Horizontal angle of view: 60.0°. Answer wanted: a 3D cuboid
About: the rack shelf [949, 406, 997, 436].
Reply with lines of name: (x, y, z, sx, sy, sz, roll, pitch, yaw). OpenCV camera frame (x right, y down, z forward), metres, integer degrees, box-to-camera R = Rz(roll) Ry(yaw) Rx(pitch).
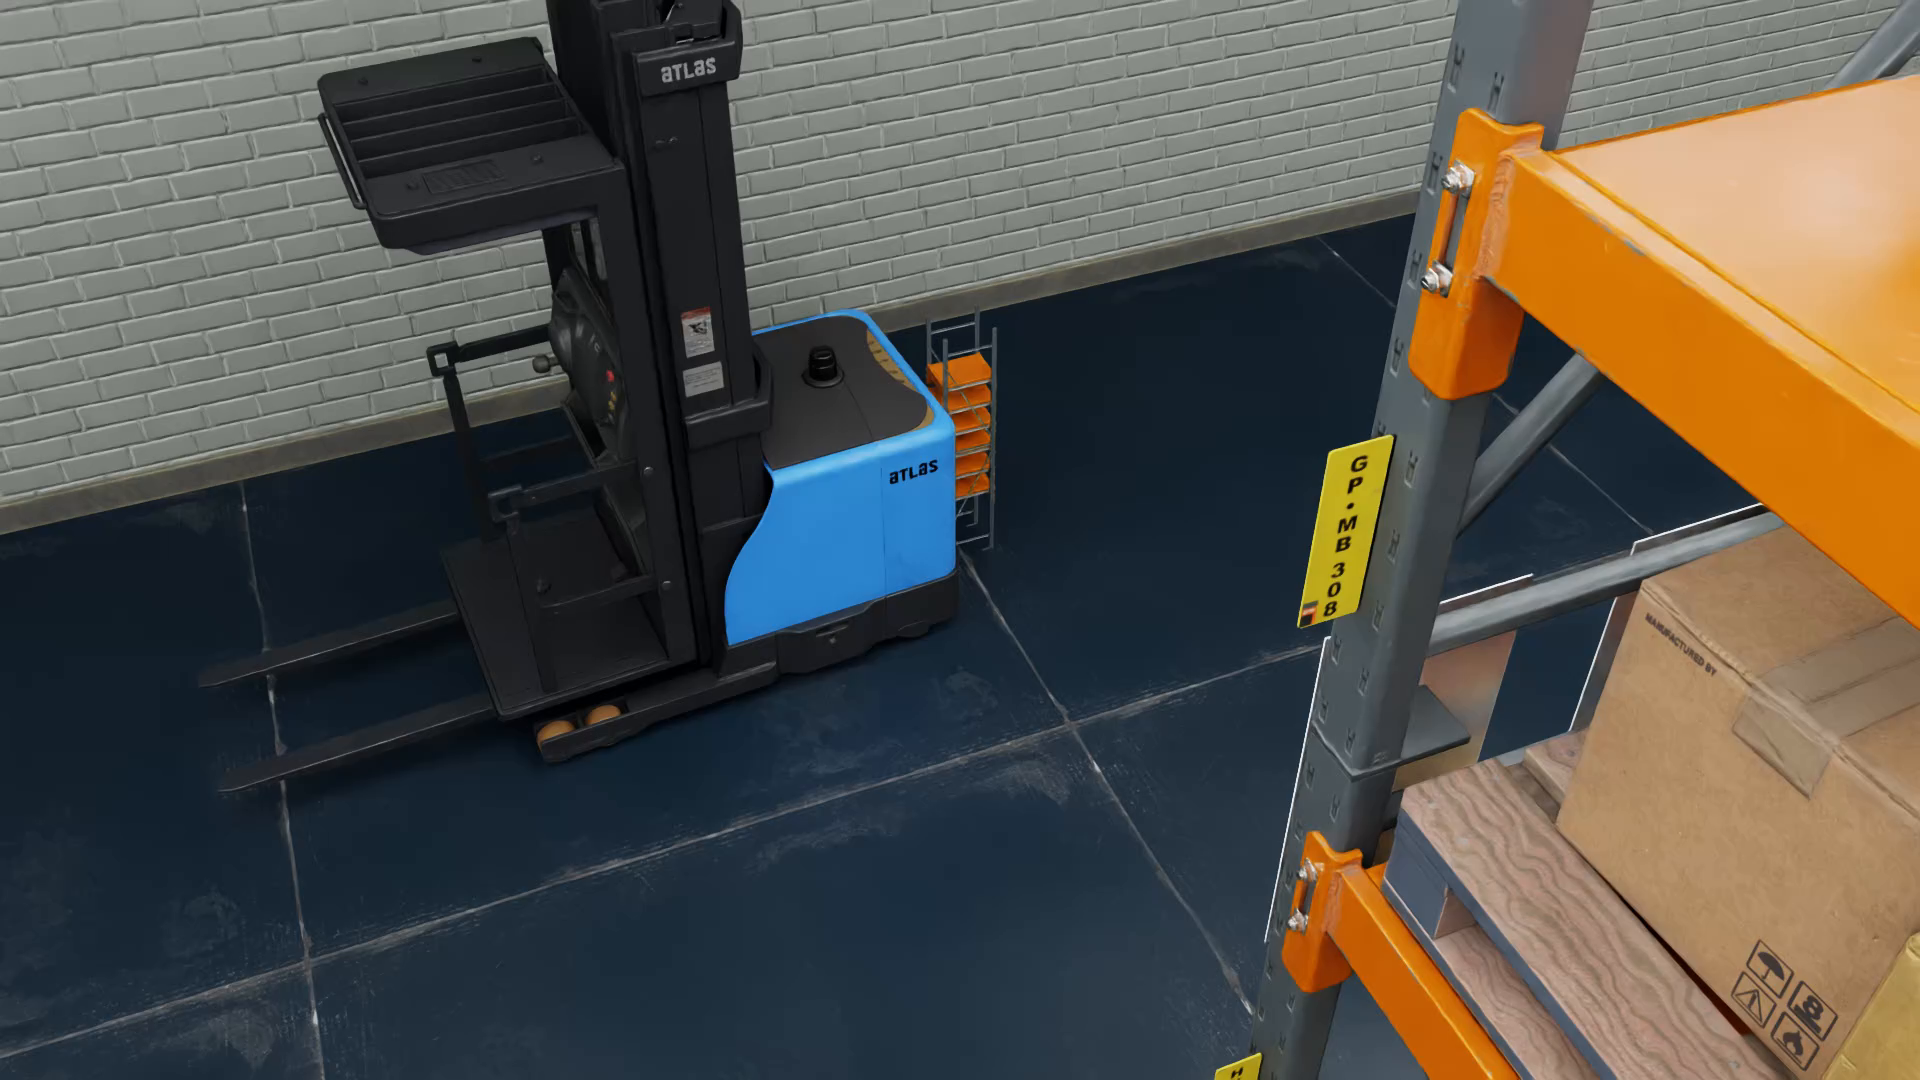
rack shelf: (0.006, -0.504, 7.218, 0.258, 0.103, 0.180, -15, 43, -17)

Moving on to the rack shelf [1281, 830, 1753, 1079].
rack shelf: (1.821, 1.698, 1.645, 1.077, 0.370, 4.000, -15, 43, -17)

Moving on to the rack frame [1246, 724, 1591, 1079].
rack frame: (1.056, 1.357, 3.790, 1.000, 3.000, 0.127, -15, 43, -17)

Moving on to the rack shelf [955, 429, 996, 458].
rack shelf: (0.006, -0.413, 7.296, 0.258, 0.103, 0.180, -15, 43, -17)

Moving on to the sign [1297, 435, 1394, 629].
sign: (0.541, -0.007, 2.344, 0.100, 0.325, 0.005, -15, 43, -17)

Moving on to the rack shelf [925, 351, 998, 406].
rack shelf: (0.006, -0.685, 7.062, 0.258, 0.103, 0.180, -15, 43, -17)

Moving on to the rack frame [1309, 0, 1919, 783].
rack frame: (1.056, -0.917, 1.834, 1.000, 3.000, 0.127, -15, 43, -17)

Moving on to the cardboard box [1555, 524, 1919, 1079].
cardboard box: (1.304, 0.285, 2.261, 0.700, 0.500, 0.500, -18, 44, -19)

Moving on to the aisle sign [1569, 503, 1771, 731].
aisle sign: (1.305, 0.253, 3.080, 0.394, 0.787, 0.004, -15, 43, -17)

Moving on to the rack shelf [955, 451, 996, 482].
rack shelf: (0.006, -0.322, 7.374, 0.258, 0.103, 0.180, -15, 43, -17)

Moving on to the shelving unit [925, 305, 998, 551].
shelving unit: (0.006, -0.446, 7.267, 0.258, 1.200, 0.189, -15, 43, -17)

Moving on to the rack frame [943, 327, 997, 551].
rack frame: (0.041, -0.391, 7.203, 0.240, 1.200, 0.006, -15, 43, -17)

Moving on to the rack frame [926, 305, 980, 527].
rack frame: (-0.029, -0.501, 7.331, 0.240, 1.200, 0.006, -15, 43, -17)

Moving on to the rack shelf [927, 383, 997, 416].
rack shelf: (0.006, -0.594, 7.140, 0.258, 0.103, 0.180, -15, 43, -17)

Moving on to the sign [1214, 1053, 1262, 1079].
sign: (0.541, 1.134, 3.325, 0.100, 0.325, 0.005, -15, 43, -17)

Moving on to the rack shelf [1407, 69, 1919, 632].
rack shelf: (1.821, 0.712, 0.798, 1.077, 0.370, 4.000, -15, 43, -17)

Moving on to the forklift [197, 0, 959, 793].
forklift: (-1.560, -0.622, 6.143, 3.031, 2.935, 1.130, -17, 44, -19)

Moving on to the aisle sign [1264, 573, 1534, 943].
aisle sign: (0.751, 0.403, 2.905, 0.394, 0.787, 0.004, -15, 43, -17)

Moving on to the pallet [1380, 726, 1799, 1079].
pallet: (1.349, 0.698, 2.324, 1.003, 0.211, 1.213, -15, 43, -17)

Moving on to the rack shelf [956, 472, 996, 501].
rack shelf: (0.006, -0.231, 7.453, 0.258, 0.103, 0.180, -15, 43, -17)

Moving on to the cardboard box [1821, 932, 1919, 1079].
cardboard box: (1.408, 0.654, 1.832, 0.700, 0.500, 0.500, -17, 43, -18)

☆ ☆ ☆

#### Task item:
Would you please retype all the data exactly? Leave out whatever pictures it holds.

#### Solution to this problem:
Horizontal angle of view: 60.0°. Answer wanted: a 3D cuboid
About: the rack shelf [949, 406, 997, 436].
Reply with lines of name: (x, y, z, sx, sy, sz, roll, pitch, yaw). OpenCV camera frame (x right, y down, z forward), metres, integer degrees, box-to-camera R = Rz(roll) Ry(yaw) Rx(pitch).
rack shelf: (0.006, -0.504, 7.218, 0.258, 0.103, 0.180, -15, 43, -17)

Moving on to the rack shelf [1281, 830, 1753, 1079].
rack shelf: (1.821, 1.698, 1.645, 1.077, 0.370, 4.000, -15, 43, -17)

Moving on to the rack frame [1246, 724, 1591, 1079].
rack frame: (1.056, 1.357, 3.790, 1.000, 3.000, 0.127, -15, 43, -17)

Moving on to the rack shelf [955, 429, 996, 458].
rack shelf: (0.006, -0.413, 7.296, 0.258, 0.103, 0.180, -15, 43, -17)

Moving on to the sign [1297, 435, 1394, 629].
sign: (0.541, -0.007, 2.344, 0.100, 0.325, 0.005, -15, 43, -17)

Moving on to the rack shelf [925, 351, 998, 406].
rack shelf: (0.006, -0.685, 7.062, 0.258, 0.103, 0.180, -15, 43, -17)

Moving on to the rack frame [1309, 0, 1919, 783].
rack frame: (1.056, -0.917, 1.834, 1.000, 3.000, 0.127, -15, 43, -17)

Moving on to the cardboard box [1555, 524, 1919, 1079].
cardboard box: (1.304, 0.285, 2.261, 0.700, 0.500, 0.500, -18, 44, -19)

Moving on to the aisle sign [1569, 503, 1771, 731].
aisle sign: (1.305, 0.253, 3.080, 0.394, 0.787, 0.004, -15, 43, -17)

Moving on to the rack shelf [955, 451, 996, 482].
rack shelf: (0.006, -0.322, 7.374, 0.258, 0.103, 0.180, -15, 43, -17)

Moving on to the shelving unit [925, 305, 998, 551].
shelving unit: (0.006, -0.446, 7.267, 0.258, 1.200, 0.189, -15, 43, -17)

Moving on to the rack frame [943, 327, 997, 551].
rack frame: (0.041, -0.391, 7.203, 0.240, 1.200, 0.006, -15, 43, -17)

Moving on to the rack frame [926, 305, 980, 527].
rack frame: (-0.029, -0.501, 7.331, 0.240, 1.200, 0.006, -15, 43, -17)

Moving on to the rack shelf [927, 383, 997, 416].
rack shelf: (0.006, -0.594, 7.140, 0.258, 0.103, 0.180, -15, 43, -17)

Moving on to the sign [1214, 1053, 1262, 1079].
sign: (0.541, 1.134, 3.325, 0.100, 0.325, 0.005, -15, 43, -17)

Moving on to the rack shelf [1407, 69, 1919, 632].
rack shelf: (1.821, 0.712, 0.798, 1.077, 0.370, 4.000, -15, 43, -17)

Moving on to the forklift [197, 0, 959, 793].
forklift: (-1.560, -0.622, 6.143, 3.031, 2.935, 1.130, -17, 44, -19)

Moving on to the aisle sign [1264, 573, 1534, 943].
aisle sign: (0.751, 0.403, 2.905, 0.394, 0.787, 0.004, -15, 43, -17)

Moving on to the pallet [1380, 726, 1799, 1079].
pallet: (1.349, 0.698, 2.324, 1.003, 0.211, 1.213, -15, 43, -17)

Moving on to the rack shelf [956, 472, 996, 501].
rack shelf: (0.006, -0.231, 7.453, 0.258, 0.103, 0.180, -15, 43, -17)

Moving on to the cardboard box [1821, 932, 1919, 1079].
cardboard box: (1.408, 0.654, 1.832, 0.700, 0.500, 0.500, -17, 43, -18)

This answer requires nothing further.